Brief — Begin with the line where "For example (dummy" appears. Set down that line and the rest of the records below it exactly as given.
(Data for analysis)
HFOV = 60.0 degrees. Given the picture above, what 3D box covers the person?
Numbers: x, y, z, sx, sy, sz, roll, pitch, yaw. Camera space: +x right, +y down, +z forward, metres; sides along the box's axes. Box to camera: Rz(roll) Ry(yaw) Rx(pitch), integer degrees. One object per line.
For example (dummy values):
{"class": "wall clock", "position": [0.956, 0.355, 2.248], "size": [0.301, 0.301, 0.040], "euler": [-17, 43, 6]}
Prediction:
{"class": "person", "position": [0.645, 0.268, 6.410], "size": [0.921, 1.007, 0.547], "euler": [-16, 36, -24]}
(End Data for analysis)
Response —
For example (dummy values):
{"class": "wall clock", "position": [0.956, 0.355, 2.248], "size": [0.301, 0.301, 0.040], "euler": [-17, 43, 6]}
Prediction:
{"class": "person", "position": [0.645, 0.268, 6.410], "size": [0.921, 1.007, 0.547], "euler": [-16, 36, -24]}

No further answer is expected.